DGN: Emergent Behaviors spawned from - Re: [MUD-Dev]SOC:Willcompany sanctioned cheating hurt theMMOcommunity?

Lydia Leong lwl at black-knight.org
Tue Jul 19 12:27:20 CEST 2005


On Jul 17,  8:01am, HRose wrote:
> cruise wrote:

>> Why is it that most raids are "high-end content" only? What's
>> wrong with having raid-worthy stuff all the way up?

> The fact is that during the treadmill the players outgrow content
> quickly and the standard incentive to go through the burden of a
> raid (because it's a burden), which is about more powerful "phat
> loot", simply isn't worth the effort.

There's an incredible amount of irony packed into that fact. Players
grind through the early treadmill, often in ways that aren't a lot
of fun, in order to reach the high-end game, which often primarily
consists of raiding, which in turn is a burden to be borne in order
to get phat loot that can be used to do harder raids, which are
still a burden... (There's PvP as well, but again, that gets us to
the issue of players doing a whole lot of grinding in order to get
equipped for the type of play that they're actually interested in.)

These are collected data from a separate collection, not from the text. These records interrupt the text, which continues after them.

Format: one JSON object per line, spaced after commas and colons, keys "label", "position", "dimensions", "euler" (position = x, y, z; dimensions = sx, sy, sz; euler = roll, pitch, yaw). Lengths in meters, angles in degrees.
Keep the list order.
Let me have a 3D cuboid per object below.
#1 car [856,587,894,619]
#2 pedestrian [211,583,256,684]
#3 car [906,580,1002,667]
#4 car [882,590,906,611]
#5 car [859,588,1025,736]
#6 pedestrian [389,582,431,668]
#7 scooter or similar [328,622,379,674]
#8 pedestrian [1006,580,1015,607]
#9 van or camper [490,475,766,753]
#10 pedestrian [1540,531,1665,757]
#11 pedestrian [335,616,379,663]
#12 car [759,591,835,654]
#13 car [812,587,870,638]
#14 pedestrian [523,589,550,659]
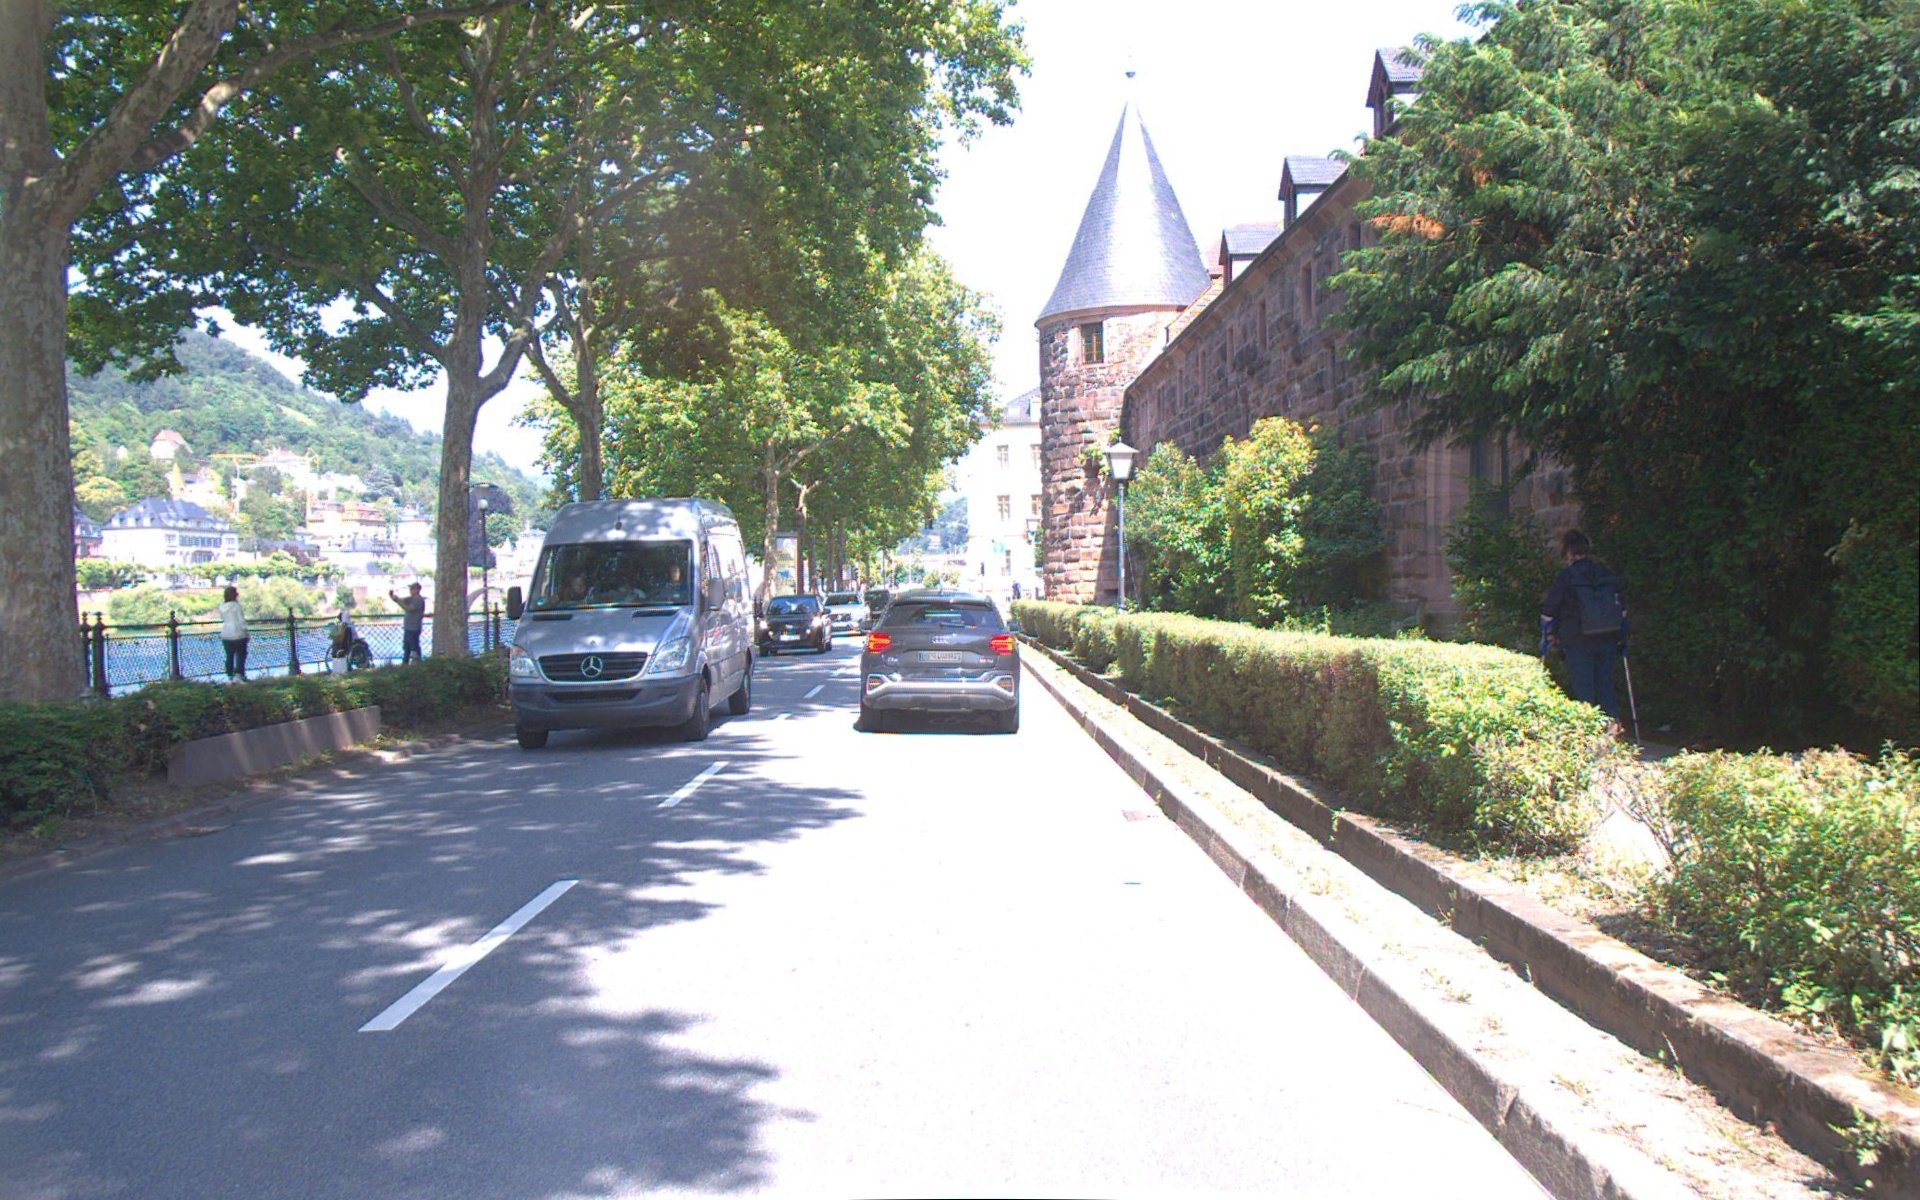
{"label": "car", "position": [-4.541, 0.148, 88.823], "dimensions": [1.727, 1.676, 4.090], "euler": [-1, 0, 1]}
{"label": "pedestrian", "position": [-12.628, 0.578, 28.760], "dimensions": [0.572, 1.740, 0.403], "euler": [1, 0, -3]}
{"label": "car", "position": [-0.105, 0.418, 32.562], "dimensions": [1.764, 1.590, 3.716], "euler": [-1, 0, 0]}
{"label": "car", "position": [-5.028, 0.059, 126.653], "dimensions": [1.581, 1.549, 3.477], "euler": [-1, 0, 1]}
{"label": "car", "position": [-0.240, 0.639, 19.072], "dimensions": [1.713, 1.520, 3.628], "euler": [1, 0, -2]}
{"label": "pedestrian", "position": [-10.662, 0.486, 32.083], "dimensions": [0.631, 1.647, 0.458], "euler": [1, 0, -3]}
{"label": "scooter or similar", "position": [-11.935, 0.943, 32.587], "dimensions": [0.618, 0.985, 1.012], "euler": [1, 0, -1]}
{"label": "pedestrian", "position": [3.120, -0.383, 102.539], "dimensions": [0.545, 1.661, 0.660], "euler": [1, 0, 0]}
{"label": "van or camper", "position": [-3.575, 0.132, 19.034], "dimensions": [1.921, 2.612, 5.840], "euler": [-3, 0, -1]}
{"label": "pedestrian", "position": [4.915, 0.327, 12.693], "dimensions": [0.684, 1.681, 0.705], "euler": [-1, 0, 2]}
{"label": "pedestrian", "position": [-11.935, 0.773, 32.744], "dimensions": [0.595, 0.899, 0.705], "euler": [-1, 0, -1]}
{"label": "car", "position": [-4.109, 0.531, 42.143], "dimensions": [1.616, 1.495, 3.778], "euler": [-1, 0, -2]}
{"label": "car", "position": [-4.368, 0.454, 61.210], "dimensions": [1.839, 1.728, 4.257], "euler": [-3, 0, -2]}
{"label": "pedestrian", "position": [-9.646, 0.537, 37.657], "dimensions": [0.448, 1.581, 0.585], "euler": [-1, 0, -1]}
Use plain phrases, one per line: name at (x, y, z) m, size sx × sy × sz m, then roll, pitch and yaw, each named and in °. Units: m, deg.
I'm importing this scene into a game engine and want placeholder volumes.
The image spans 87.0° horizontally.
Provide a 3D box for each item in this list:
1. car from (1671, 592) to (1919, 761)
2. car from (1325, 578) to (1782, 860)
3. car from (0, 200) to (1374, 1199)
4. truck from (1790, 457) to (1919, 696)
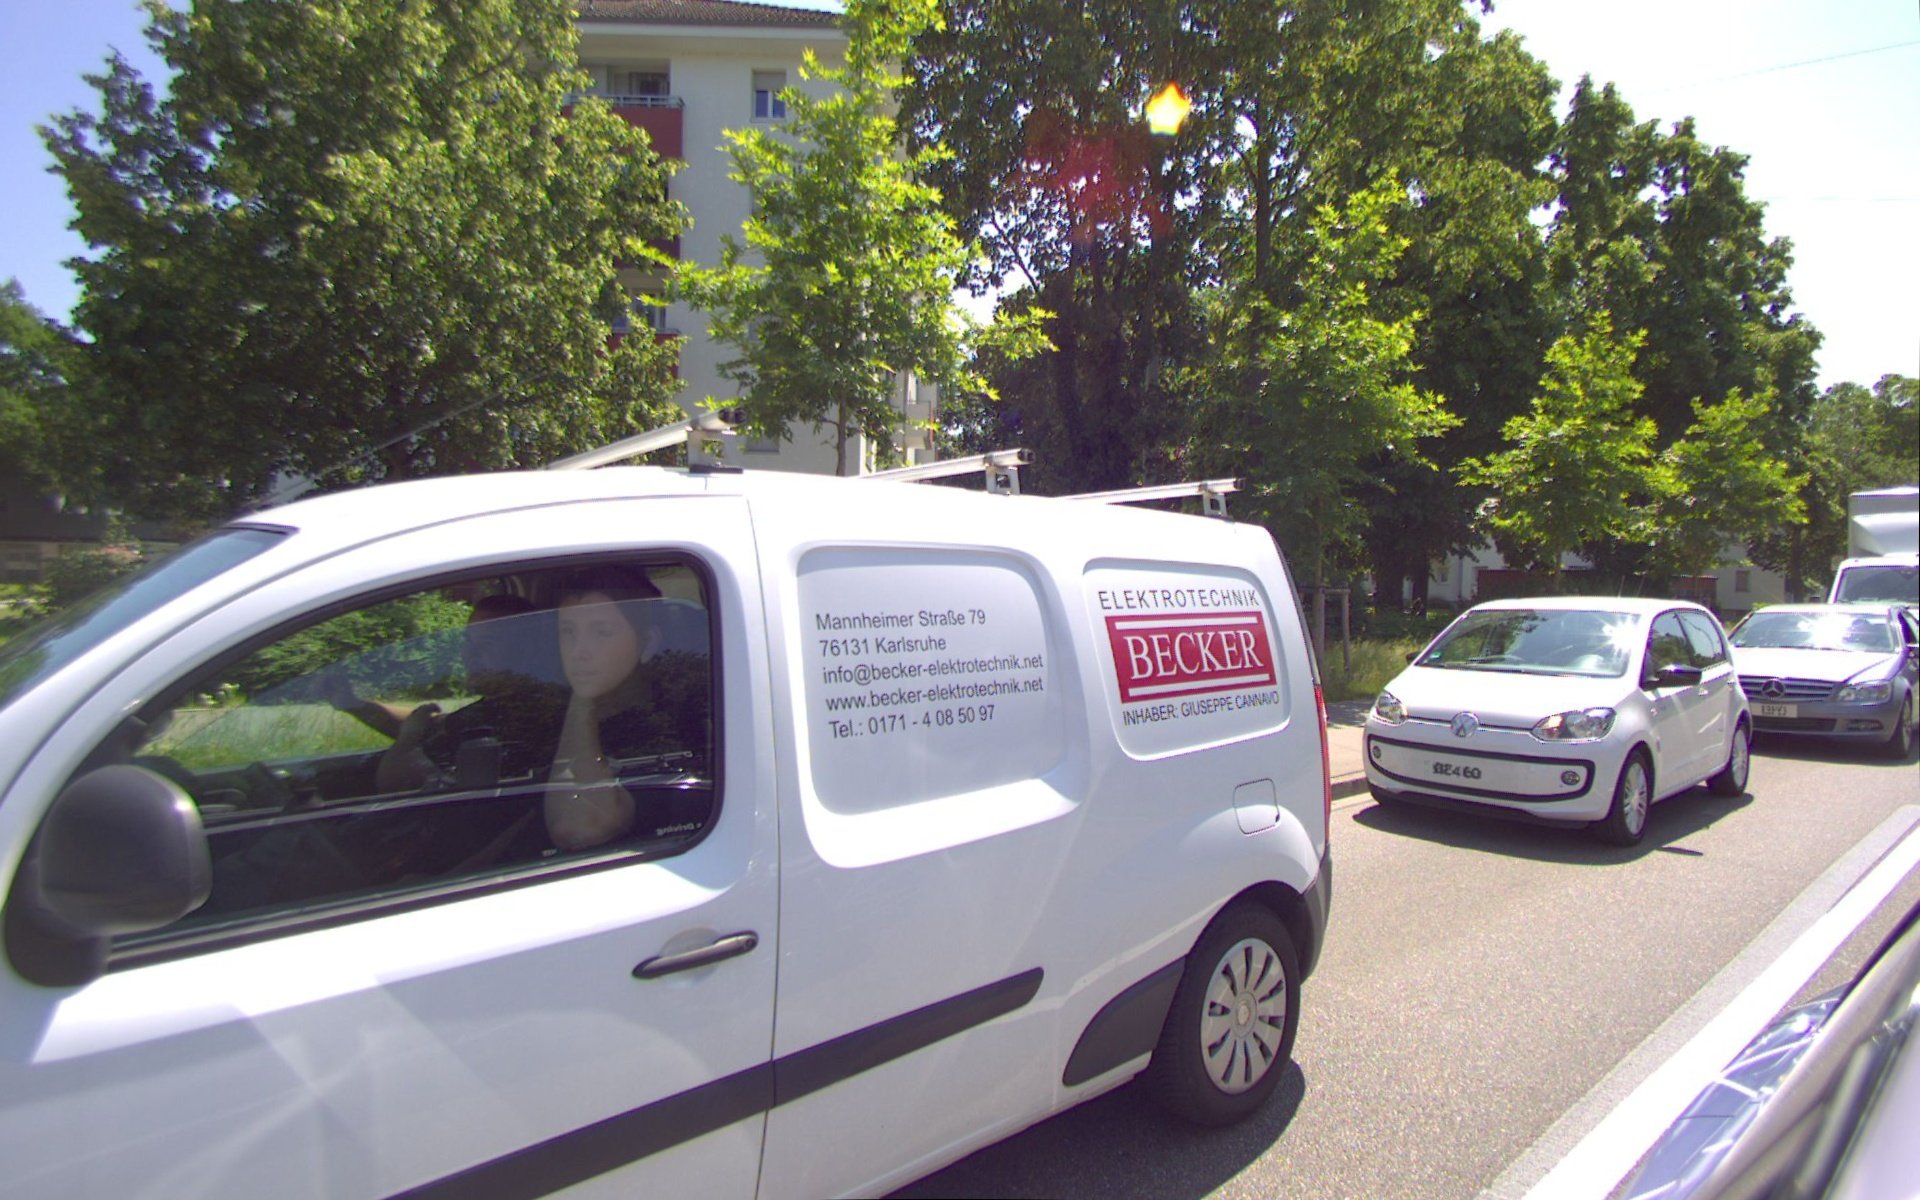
car at (9.232, 0.651, 10.739) m, size 4.016 × 1.426 × 1.839 m, roll 0°, pitch 1°, yaw -41°
car at (4.399, 0.618, 7.289) m, size 3.705 × 1.497 × 1.729 m, roll 0°, pitch 1°, yaw -41°
car at (-0.994, 0.451, 2.535) m, size 4.370 × 1.849 × 1.997 m, roll 0°, pitch 1°, yaw -41°
truck at (16.504, -0.341, 16.965) m, size 7.778 × 3.387 × 2.434 m, roll 0°, pitch 1°, yaw -39°

"cruise" cites CoH's giant monsters as an example of raid-type
content.  They are, but only kinda -- giant monsters can be taken
down by a group of random heroes without any significant amount of
coordination, and the fights generally last only a few
minutes. Raids in other games typically require large,
well-coordinated groups that are working together for many hours, if
not days. The closest to this that CoH gets is the Hamidon
encounter, which does require coordination but is not instanced and
typically doesn't take more than two or three hours to complete.

Clearly, it's possible to build raid-type content -- i.e.,
challenging content that requires large groups of players -- without
building what's typically thought of as a "raid" today. But it
requires some different design approaches.